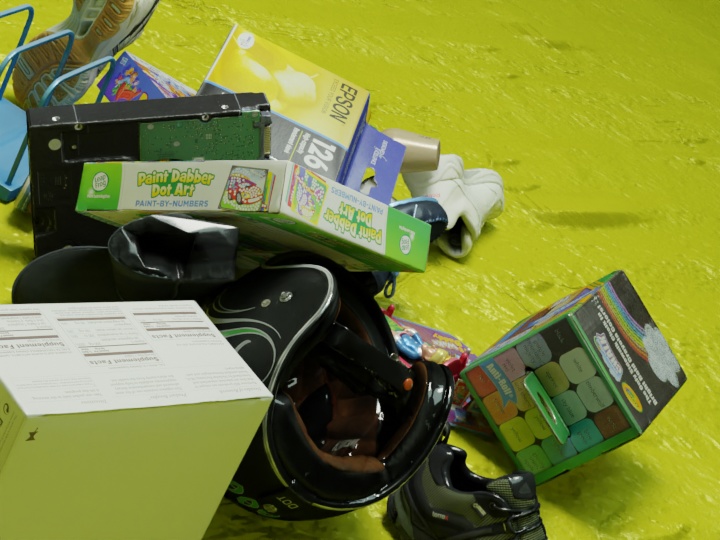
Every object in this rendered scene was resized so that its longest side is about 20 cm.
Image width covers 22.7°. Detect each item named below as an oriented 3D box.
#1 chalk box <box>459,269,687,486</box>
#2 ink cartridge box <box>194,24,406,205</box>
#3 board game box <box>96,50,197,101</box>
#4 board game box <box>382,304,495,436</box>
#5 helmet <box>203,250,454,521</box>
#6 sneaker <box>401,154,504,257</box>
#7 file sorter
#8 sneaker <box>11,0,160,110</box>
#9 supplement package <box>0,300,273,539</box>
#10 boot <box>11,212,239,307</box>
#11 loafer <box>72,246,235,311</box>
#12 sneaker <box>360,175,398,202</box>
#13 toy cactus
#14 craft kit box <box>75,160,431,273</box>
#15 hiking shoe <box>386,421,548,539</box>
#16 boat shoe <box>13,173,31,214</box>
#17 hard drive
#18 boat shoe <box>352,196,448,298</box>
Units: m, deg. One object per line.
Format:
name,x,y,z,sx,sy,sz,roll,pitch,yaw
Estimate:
chalk box,0.182,0.100,1.574,0.125,0.124,0.200,59,30,0
ink cartridge box,-0.053,-0.127,1.625,0.200,0.047,0.198,24,32,-4
board game box,-0.144,-0.121,1.712,0.134,0.045,0.200,48,12,35
board game box,0.052,0.072,1.629,0.200,0.039,0.158,19,28,-20
helmet,-0.044,0.086,1.339,0.200,0.200,0.191,13,-1,-28
sneaker,0.100,-0.059,1.895,0.200,0.078,0.099,11,69,-63
file sorter,-0.342,-0.180,1.612,0.200,0.123,0.139,32,26,9
sneaker,-0.248,-0.215,1.688,0.076,0.200,0.088,55,33,6
supplement package,-0.189,0.114,1.192,0.200,0.156,0.111,0,37,-44
boot,-0.180,0.002,1.348,0.165,0.066,0.200,-8,-2,-11
loafer,-0.161,0.016,1.496,0.200,0.067,0.076,17,27,-22
sneaker,0.004,-0.036,1.748,0.087,0.075,0.200,40,29,10
toy cactus,-0.002,-0.131,1.792,0.165,0.102,0.200,6,2,8
craft kit box,-0.080,-0.040,1.385,0.197,0.049,0.200,5,-10,34
hiking shoe,0.112,0.208,1.377,0.200,0.101,0.076,38,28,19
boat shoe,-0.234,-0.086,1.606,0.072,0.072,0.200,38,30,5
hard drive,-0.175,-0.076,1.497,0.200,0.140,0.038,-6,35,-12
boat shoe,0.000,0.000,1.641,0.200,0.084,0.069,-27,61,-18

• **Your assignment**: Transcribe the listing in full. Omit the pictures and keep every line exact.

• **Result of this task**:
Every object in this rendered scene was resized so that its longest side is about 20 cm.
Image width covers 22.7°. Detect each item named below as an oriented 3D box.
#1 chalk box <box>459,269,687,486</box>
#2 ink cartridge box <box>194,24,406,205</box>
#3 board game box <box>96,50,197,101</box>
#4 board game box <box>382,304,495,436</box>
#5 helmet <box>203,250,454,521</box>
#6 sneaker <box>401,154,504,257</box>
#7 file sorter
#8 sneaker <box>11,0,160,110</box>
#9 supplement package <box>0,300,273,539</box>
#10 boot <box>11,212,239,307</box>
#11 loafer <box>72,246,235,311</box>
#12 sneaker <box>360,175,398,202</box>
#13 toy cactus
#14 craft kit box <box>75,160,431,273</box>
#15 hiking shoe <box>386,421,548,539</box>
#16 boat shoe <box>13,173,31,214</box>
#17 hard drive
#18 boat shoe <box>352,196,448,298</box>
Units: m, deg. One object per line.
Format:
name,x,y,z,sx,sy,sz,roll,pitch,yaw
Estimate:
chalk box,0.182,0.100,1.574,0.125,0.124,0.200,59,30,0
ink cartridge box,-0.053,-0.127,1.625,0.200,0.047,0.198,24,32,-4
board game box,-0.144,-0.121,1.712,0.134,0.045,0.200,48,12,35
board game box,0.052,0.072,1.629,0.200,0.039,0.158,19,28,-20
helmet,-0.044,0.086,1.339,0.200,0.200,0.191,13,-1,-28
sneaker,0.100,-0.059,1.895,0.200,0.078,0.099,11,69,-63
file sorter,-0.342,-0.180,1.612,0.200,0.123,0.139,32,26,9
sneaker,-0.248,-0.215,1.688,0.076,0.200,0.088,55,33,6
supplement package,-0.189,0.114,1.192,0.200,0.156,0.111,0,37,-44
boot,-0.180,0.002,1.348,0.165,0.066,0.200,-8,-2,-11
loafer,-0.161,0.016,1.496,0.200,0.067,0.076,17,27,-22
sneaker,0.004,-0.036,1.748,0.087,0.075,0.200,40,29,10
toy cactus,-0.002,-0.131,1.792,0.165,0.102,0.200,6,2,8
craft kit box,-0.080,-0.040,1.385,0.197,0.049,0.200,5,-10,34
hiking shoe,0.112,0.208,1.377,0.200,0.101,0.076,38,28,19
boat shoe,-0.234,-0.086,1.606,0.072,0.072,0.200,38,30,5
hard drive,-0.175,-0.076,1.497,0.200,0.140,0.038,-6,35,-12
boat shoe,0.000,0.000,1.641,0.200,0.084,0.069,-27,61,-18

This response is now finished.